Activity
Where does "object" occur in the listing? Copy every line that holds it.

::: Record set

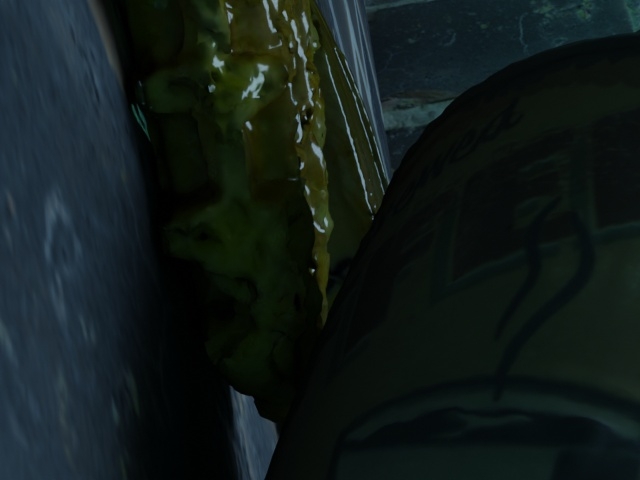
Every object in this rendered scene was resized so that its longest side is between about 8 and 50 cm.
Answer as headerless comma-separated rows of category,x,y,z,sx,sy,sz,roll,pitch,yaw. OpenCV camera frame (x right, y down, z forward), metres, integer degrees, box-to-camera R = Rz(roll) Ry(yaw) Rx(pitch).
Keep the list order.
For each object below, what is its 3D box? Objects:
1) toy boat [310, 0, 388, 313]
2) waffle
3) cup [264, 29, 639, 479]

::::::

Answer to the exercise
Every object in this rendered scene was resized so that its longest side is between about 8 and 50 cm.
For each object below, what is its 3D box? Objects:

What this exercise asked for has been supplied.